Training larger and larger language models (LLMs) with more and more data hits a wall. According to OpenAI CEO Sam Altman, combining "much bigger" pre-trained models with reasoning capabilities could be the key to overcoming the scaling limitations of pre-training.
Pre-trained language models no longer scale as effectively as they used to, a view that seems to have gained broad consensus in the AI industry. Altman now refers to pre-training as the "old world."
Instead, OpenAI is exploring specialized models optimized through reinforcement learning for tasks with clear right or wrong answers, such as programming and mathematics. The company calls these "large reasoning models," or LRMs, the most significant development in the field in the past year, Altman says.
The main question now is whether it's possible to combine the broad capabilities of LLMs with the specialized accuracy of LRMs.
![](https://the-decoder.com/wp-content/uploads/2025/02/karpathy_via_X.png)
From general knowledge to specialized reasoning to generalized reasoning?
According to Altman, reasoning models provide "an incredible new compute efficiency gain" and OpenAI can "get performance on a lot of benchmarks that in the old world we would have predicted wouldn't have come until GPT 6" with "models that are much smaller."
The challenge, Altman noted, is that "when we do it this new way, it doesn't get better at everything. We can get it better in certain dimensions."
According to Altman, the combination of pre-training "a much bigger model" and combining it with reasoning capabilities could bring "the first bits or sort of signs of life on genuine new scientific knowledge."
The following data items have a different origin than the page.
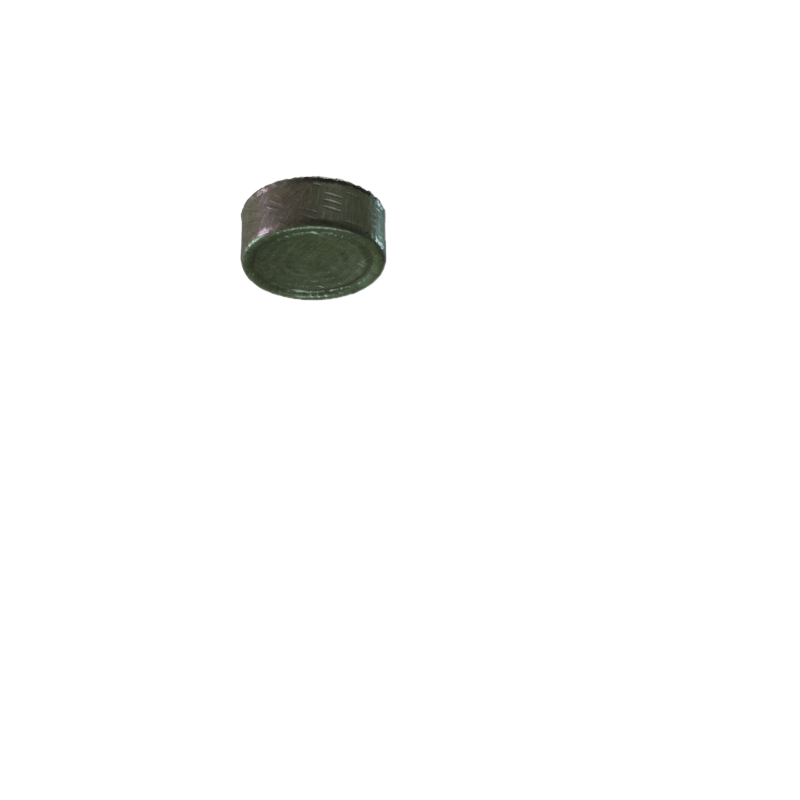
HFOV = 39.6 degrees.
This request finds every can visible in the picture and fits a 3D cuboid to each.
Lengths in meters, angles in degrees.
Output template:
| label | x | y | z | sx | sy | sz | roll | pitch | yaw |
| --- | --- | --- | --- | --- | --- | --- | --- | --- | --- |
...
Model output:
| label | x | y | z | sx | sy | sz | roll | pitch | yaw |
| --- | --- | --- | --- | --- | --- | --- | --- | --- | --- |
| can | -0.051 | -0.092 | 0.646 | 0.086 | 0.036 | 0.081 | 1 | -27 | -2 |
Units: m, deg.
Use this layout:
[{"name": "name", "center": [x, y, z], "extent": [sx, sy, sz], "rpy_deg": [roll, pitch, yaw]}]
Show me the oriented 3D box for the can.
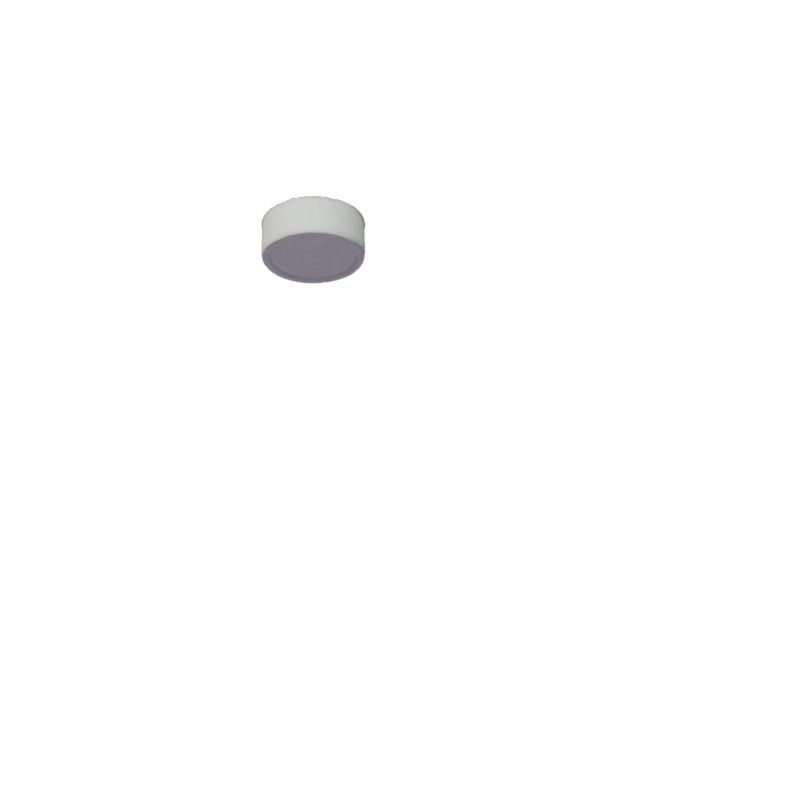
[{"name": "can", "center": [-0.071, -0.129, 0.905], "extent": [0.086, 0.036, 0.081], "rpy_deg": [1, -26, -2]}]
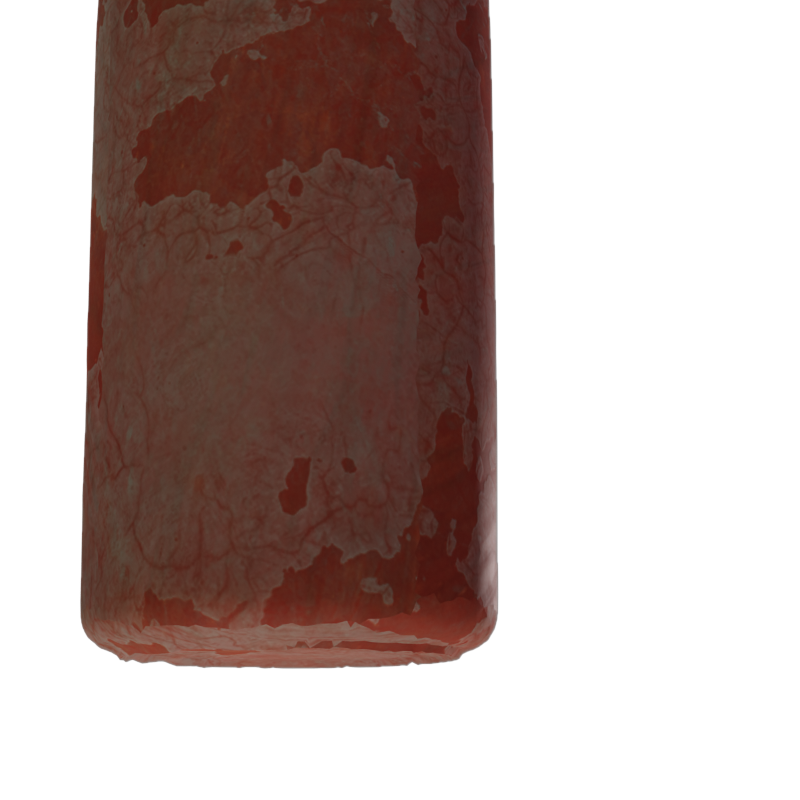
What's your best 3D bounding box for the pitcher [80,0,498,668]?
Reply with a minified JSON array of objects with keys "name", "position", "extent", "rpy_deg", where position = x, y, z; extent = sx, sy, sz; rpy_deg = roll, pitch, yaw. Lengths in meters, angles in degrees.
[{"name":"pitcher","position":[-0.027,-0.049,0.342],"extent":[0.146,0.256,0.141],"rpy_deg":[5,-22,-16]}]
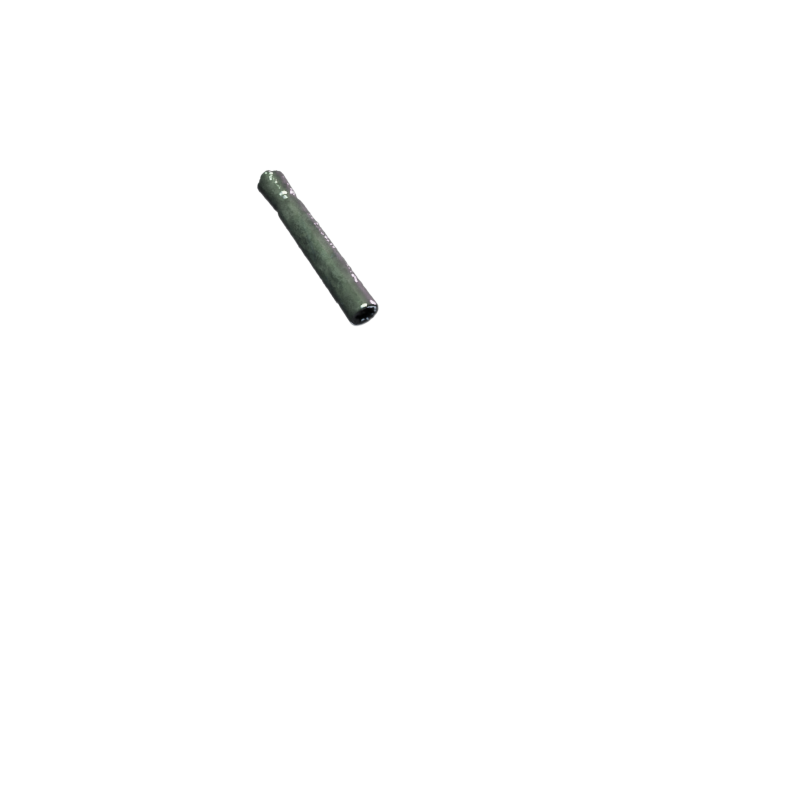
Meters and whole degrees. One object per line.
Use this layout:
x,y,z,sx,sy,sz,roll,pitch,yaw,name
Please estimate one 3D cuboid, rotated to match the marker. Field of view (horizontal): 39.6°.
-0.052,-0.094,0.660,0.019,0.130,0.019,-2,-43,-43,marker
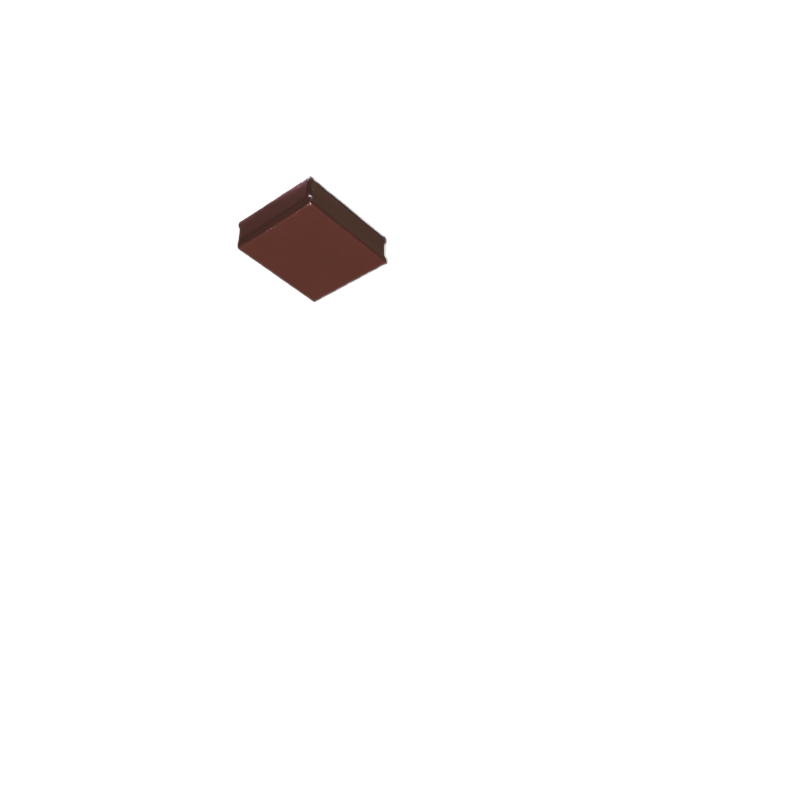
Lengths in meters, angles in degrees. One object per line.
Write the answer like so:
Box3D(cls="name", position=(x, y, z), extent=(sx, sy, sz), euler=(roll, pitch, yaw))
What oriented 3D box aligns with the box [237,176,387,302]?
Box3D(cls="box", position=(-0.064, -0.117, 0.822), extent=(0.073, 0.032, 0.083), euler=(-28, -45, 31))
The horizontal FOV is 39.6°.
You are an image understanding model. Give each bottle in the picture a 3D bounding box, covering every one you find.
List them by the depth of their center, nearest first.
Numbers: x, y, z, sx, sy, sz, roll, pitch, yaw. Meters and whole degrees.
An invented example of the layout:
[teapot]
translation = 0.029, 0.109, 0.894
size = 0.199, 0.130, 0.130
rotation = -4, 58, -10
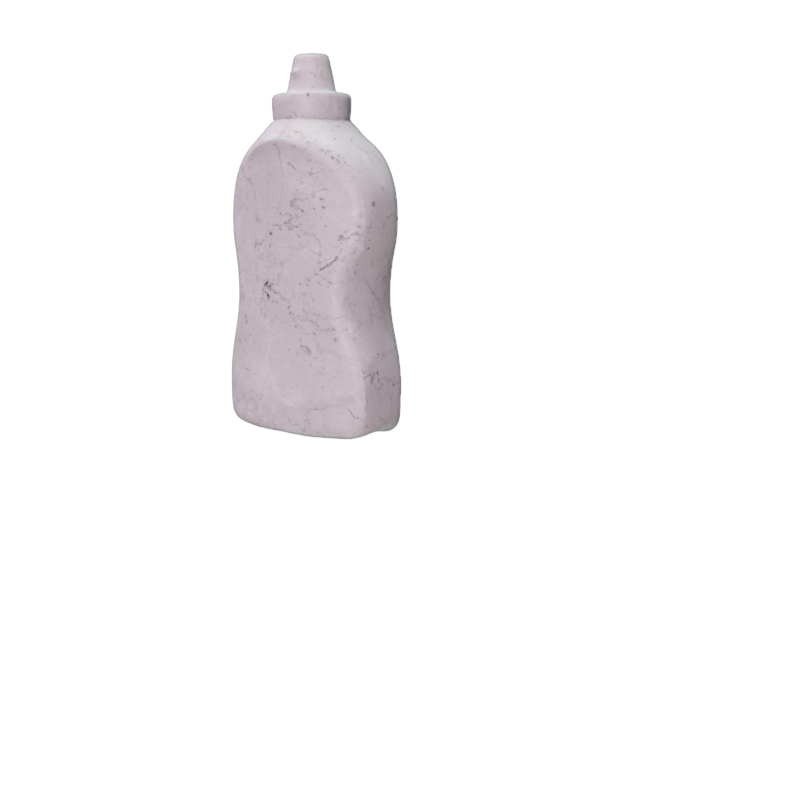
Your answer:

Their latest model "can program unbelievably well" but is "not so good at going to invent totally new algorithms… or new physics or new biology - and that's the thing I think you'll get with the next two orders of magnitude."
He cites programming progress as an example of fast progress through reinforcement learning: their first reasoning model o1 ranked as "a top 1 millionth competitive programmer in the world." By December, their o3 model had become "the 175th best competitive programmer in the world." Internal testing now shows "around 50" place, and Altman believes "maybe we'll hit number one by the end of this year."
OpenAI weighs return to open source
Altman reiterated OpenAI's intention to return to open-source practices, though he remained characteristically vague about specifics. "We're going to do it," Altman said, and that it seems "society is willing to take the tradeoffs, at least for now."
He adds that OpenAI has made significant progress in developing safe and robust models suitable for open-source applications. While these models aren't always used as intended, they work as designed most of the time, Altman says, without specifying which models or when they might be released.
The discussion has gained new relevance after Chinese company Deepseek released its R1 reasoning model as open source, achieving similar performance to OpenAI's o1 model. This move has led some to question OpenAI's more restrictive approach, which the company has justified as necessary to prevent misuse.